→ Records from a data source

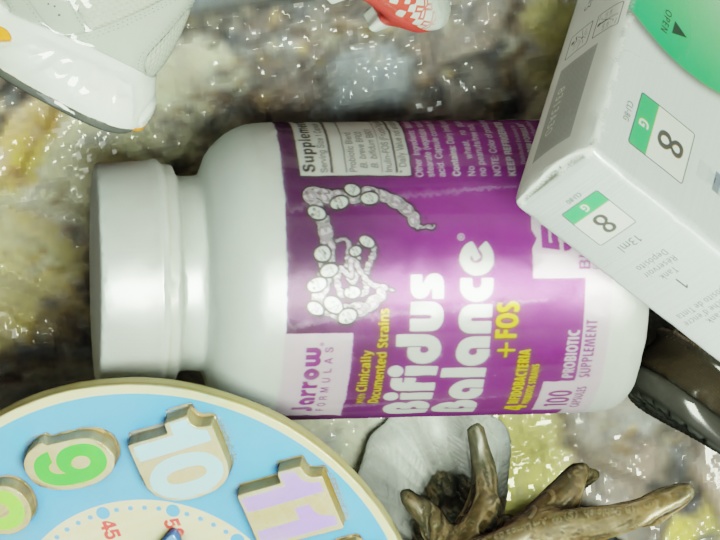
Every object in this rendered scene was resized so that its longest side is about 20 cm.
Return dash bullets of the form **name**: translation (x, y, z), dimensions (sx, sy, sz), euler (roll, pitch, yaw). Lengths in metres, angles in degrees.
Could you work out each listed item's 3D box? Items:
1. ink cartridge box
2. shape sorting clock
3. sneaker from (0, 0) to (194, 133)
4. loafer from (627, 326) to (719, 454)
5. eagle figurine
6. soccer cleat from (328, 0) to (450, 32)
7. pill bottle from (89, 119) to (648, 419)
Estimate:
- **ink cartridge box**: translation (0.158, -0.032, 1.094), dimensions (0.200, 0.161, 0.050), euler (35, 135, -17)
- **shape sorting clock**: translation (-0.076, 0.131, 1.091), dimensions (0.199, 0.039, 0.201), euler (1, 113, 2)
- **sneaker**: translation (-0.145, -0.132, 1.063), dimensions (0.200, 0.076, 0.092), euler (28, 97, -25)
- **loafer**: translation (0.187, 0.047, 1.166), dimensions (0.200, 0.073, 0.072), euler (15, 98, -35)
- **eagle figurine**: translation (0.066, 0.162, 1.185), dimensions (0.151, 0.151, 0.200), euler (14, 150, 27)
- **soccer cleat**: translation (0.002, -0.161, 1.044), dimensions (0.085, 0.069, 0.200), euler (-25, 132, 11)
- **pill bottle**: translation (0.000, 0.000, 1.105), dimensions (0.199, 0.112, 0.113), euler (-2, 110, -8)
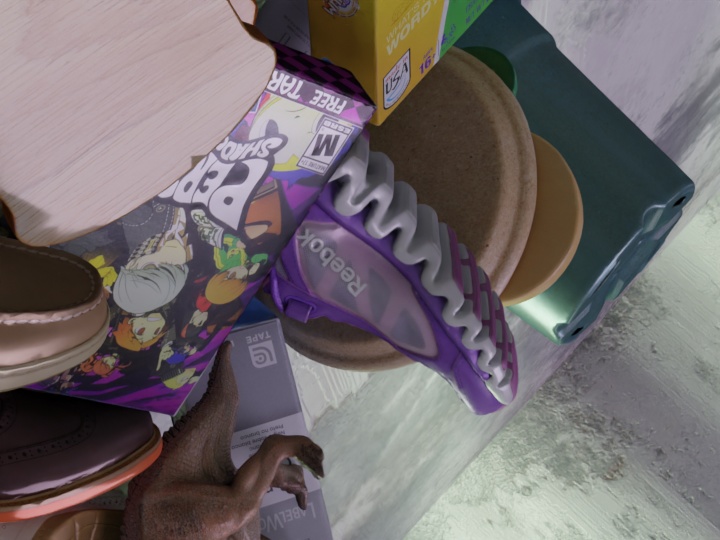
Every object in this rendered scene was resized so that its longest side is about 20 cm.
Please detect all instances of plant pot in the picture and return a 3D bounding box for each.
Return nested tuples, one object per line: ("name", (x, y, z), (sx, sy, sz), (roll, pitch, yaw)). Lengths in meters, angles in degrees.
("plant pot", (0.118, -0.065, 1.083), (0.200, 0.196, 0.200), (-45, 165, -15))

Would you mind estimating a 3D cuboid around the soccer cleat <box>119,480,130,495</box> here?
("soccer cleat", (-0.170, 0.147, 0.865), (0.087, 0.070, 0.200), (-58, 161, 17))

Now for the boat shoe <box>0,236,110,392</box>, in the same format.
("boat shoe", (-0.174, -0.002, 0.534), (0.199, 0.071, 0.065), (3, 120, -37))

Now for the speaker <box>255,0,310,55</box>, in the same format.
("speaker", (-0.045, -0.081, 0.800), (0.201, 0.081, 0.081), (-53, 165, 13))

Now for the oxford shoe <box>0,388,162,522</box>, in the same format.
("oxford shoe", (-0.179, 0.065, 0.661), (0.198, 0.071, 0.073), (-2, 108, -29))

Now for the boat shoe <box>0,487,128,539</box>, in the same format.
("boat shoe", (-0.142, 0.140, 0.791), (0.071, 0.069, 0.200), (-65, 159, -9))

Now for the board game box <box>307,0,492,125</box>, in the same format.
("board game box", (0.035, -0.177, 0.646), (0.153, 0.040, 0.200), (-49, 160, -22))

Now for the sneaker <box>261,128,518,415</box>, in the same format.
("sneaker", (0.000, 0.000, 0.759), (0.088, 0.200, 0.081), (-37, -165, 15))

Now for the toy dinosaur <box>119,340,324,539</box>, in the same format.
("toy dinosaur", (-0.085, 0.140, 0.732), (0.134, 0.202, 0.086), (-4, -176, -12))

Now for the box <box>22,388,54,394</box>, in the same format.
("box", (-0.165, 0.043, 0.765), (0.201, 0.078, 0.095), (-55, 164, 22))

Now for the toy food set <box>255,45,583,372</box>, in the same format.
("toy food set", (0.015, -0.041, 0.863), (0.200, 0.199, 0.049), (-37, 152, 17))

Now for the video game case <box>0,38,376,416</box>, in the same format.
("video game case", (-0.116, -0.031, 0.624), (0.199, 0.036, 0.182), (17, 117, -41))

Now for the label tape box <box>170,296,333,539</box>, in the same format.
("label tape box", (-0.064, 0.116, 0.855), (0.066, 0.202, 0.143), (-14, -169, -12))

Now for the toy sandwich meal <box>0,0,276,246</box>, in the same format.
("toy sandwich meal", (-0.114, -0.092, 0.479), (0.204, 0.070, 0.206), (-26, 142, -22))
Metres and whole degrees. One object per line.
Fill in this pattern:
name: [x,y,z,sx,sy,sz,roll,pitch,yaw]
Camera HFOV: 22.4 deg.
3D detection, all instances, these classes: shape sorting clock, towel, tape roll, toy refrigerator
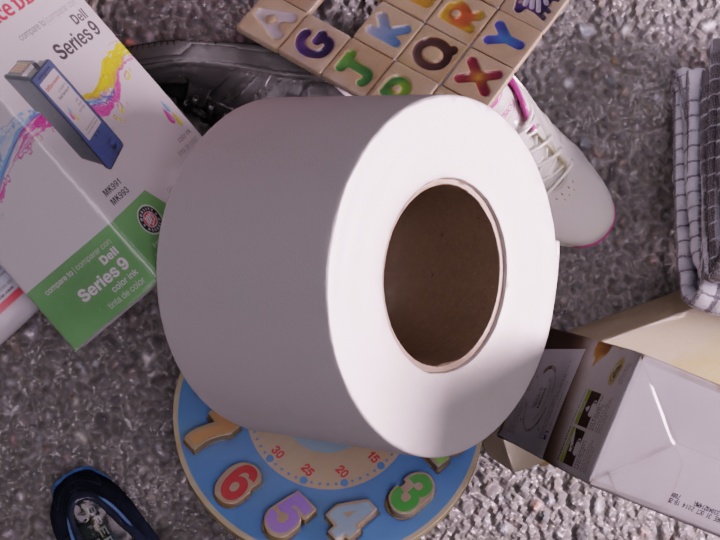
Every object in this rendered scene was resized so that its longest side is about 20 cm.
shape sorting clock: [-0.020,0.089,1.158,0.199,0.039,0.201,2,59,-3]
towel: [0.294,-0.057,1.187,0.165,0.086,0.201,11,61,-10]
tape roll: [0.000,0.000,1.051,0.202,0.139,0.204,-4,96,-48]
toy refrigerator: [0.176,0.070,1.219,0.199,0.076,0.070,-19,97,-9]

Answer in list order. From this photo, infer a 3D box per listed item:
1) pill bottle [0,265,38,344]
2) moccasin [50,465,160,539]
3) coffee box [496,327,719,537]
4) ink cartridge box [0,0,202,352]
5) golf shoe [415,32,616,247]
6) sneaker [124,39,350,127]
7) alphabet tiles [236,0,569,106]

→ Work item
Print out the entries once more, unchanged. No pictures.

→ Written answer
Every object in this rendered scene was resized so that its longest side is about 20 cm.
Return dash bullets of the form **name**: translation (x, y, z), dimensions (sx, sy, sz), euler (roll, pitch, yaw). Lengths in metres, angles in degrees.
Could you work out each listed item's 3D box? Items:
1. ink cartridge box
2. shape sorting clock
3. sneaker from (0, 0) to (194, 133)
4. loafer from (627, 326) to (719, 454)
5. eagle figurine
6. soccer cleat from (328, 0) to (450, 32)
7. pill bottle from (89, 119) to (648, 419)
Estimate:
- **ink cartridge box**: translation (0.158, -0.032, 1.094), dimensions (0.200, 0.161, 0.050), euler (35, 135, -17)
- **shape sorting clock**: translation (-0.076, 0.131, 1.091), dimensions (0.199, 0.039, 0.201), euler (1, 113, 2)
- **sneaker**: translation (-0.145, -0.132, 1.063), dimensions (0.200, 0.076, 0.092), euler (28, 97, -25)
- **loafer**: translation (0.187, 0.047, 1.166), dimensions (0.200, 0.073, 0.072), euler (15, 98, -35)
- **eagle figurine**: translation (0.066, 0.162, 1.185), dimensions (0.151, 0.151, 0.200), euler (14, 150, 27)
- **soccer cleat**: translation (0.002, -0.161, 1.044), dimensions (0.085, 0.069, 0.200), euler (-25, 132, 11)
- **pill bottle**: translation (0.000, 0.000, 1.105), dimensions (0.199, 0.112, 0.113), euler (-2, 110, -8)
Every object in this rendered scene was resized so that its longest side is about 20 cm.
Please detect all instances of plant pot in the picture and return a 3D bounding box for each.
Return nested tuples, one object per line: ("name", (x, y, z), (sx, sy, sz), (roll, pitch, yaw)). Lengths in meters, angles in degrees.
("plant pot", (0.118, -0.065, 1.083), (0.200, 0.196, 0.200), (-45, 165, -15))

Would you mind estimating a 3D cuboid around the soccer cleat <box>119,480,130,495</box> here?
("soccer cleat", (-0.170, 0.147, 0.865), (0.087, 0.070, 0.200), (-58, 161, 17))

Now for the boat shoe <box>0,236,110,392</box>, in the same format.
("boat shoe", (-0.174, -0.002, 0.534), (0.199, 0.071, 0.065), (3, 120, -37))

Now for the speaker <box>255,0,310,55</box>, in the same format.
("speaker", (-0.045, -0.081, 0.800), (0.201, 0.081, 0.081), (-53, 165, 13))

Now for the oxford shoe <box>0,388,162,522</box>, in the same format.
("oxford shoe", (-0.179, 0.065, 0.661), (0.198, 0.071, 0.073), (-2, 108, -29))

Now for the boat shoe <box>0,487,128,539</box>, in the same format.
("boat shoe", (-0.142, 0.140, 0.791), (0.071, 0.069, 0.200), (-65, 159, -9))

Now for the board game box <box>307,0,492,125</box>, in the same format.
("board game box", (0.035, -0.177, 0.646), (0.153, 0.040, 0.200), (-49, 160, -22))

Now for the sneaker <box>261,128,518,415</box>, in the same format.
("sneaker", (0.000, 0.000, 0.759), (0.088, 0.200, 0.081), (-37, -165, 15))

Now for the toy dinosaur <box>119,340,324,539</box>, in the same format.
("toy dinosaur", (-0.085, 0.140, 0.732), (0.134, 0.202, 0.086), (-4, -176, -12))

Now for the box <box>22,388,54,394</box>, in the same format.
("box", (-0.165, 0.043, 0.765), (0.201, 0.078, 0.095), (-55, 164, 22))

Now for the toy food set <box>255,45,583,372</box>, in the same format.
("toy food set", (0.015, -0.041, 0.863), (0.200, 0.199, 0.049), (-37, 152, 17))

Now for the video game case <box>0,38,376,416</box>, in the same format.
("video game case", (-0.116, -0.031, 0.624), (0.199, 0.036, 0.182), (17, 117, -41))

Now for the label tape box <box>170,296,333,539</box>, in the same format.
("label tape box", (-0.064, 0.116, 0.855), (0.066, 0.202, 0.143), (-14, -169, -12))

Now for the toy sandwich meal <box>0,0,276,246</box>, in the same format.
("toy sandwich meal", (-0.114, -0.092, 0.479), (0.204, 0.070, 0.206), (-26, 142, -22))
Metres and whole degrees. One object per line.
Fill in this pattern:
name: [x,y,z,sx,sy,sz,roll,pitch,yaw]
Camera HFOV: 22.4 deg.
3D detection, all instances, these classes: shape sorting clock, towel, tape roll, toy refrigerator
Every object in this rendered scene was resized so that its longest side is about 20 cm.
shape sorting clock: [-0.020,0.089,1.158,0.199,0.039,0.201,2,59,-3]
towel: [0.294,-0.057,1.187,0.165,0.086,0.201,11,61,-10]
tape roll: [0.000,0.000,1.051,0.202,0.139,0.204,-4,96,-48]
toy refrigerator: [0.176,0.070,1.219,0.199,0.076,0.070,-19,97,-9]

Answer in list order. From this photo, infer a 3D box per listed item:
1) pill bottle [0,265,38,344]
2) moccasin [50,465,160,539]
3) coffee box [496,327,719,537]
4) ink cartridge box [0,0,202,352]
5) golf shoe [415,32,616,247]
6) sneaker [124,39,350,127]
7) alphabet tiles [236,0,569,106]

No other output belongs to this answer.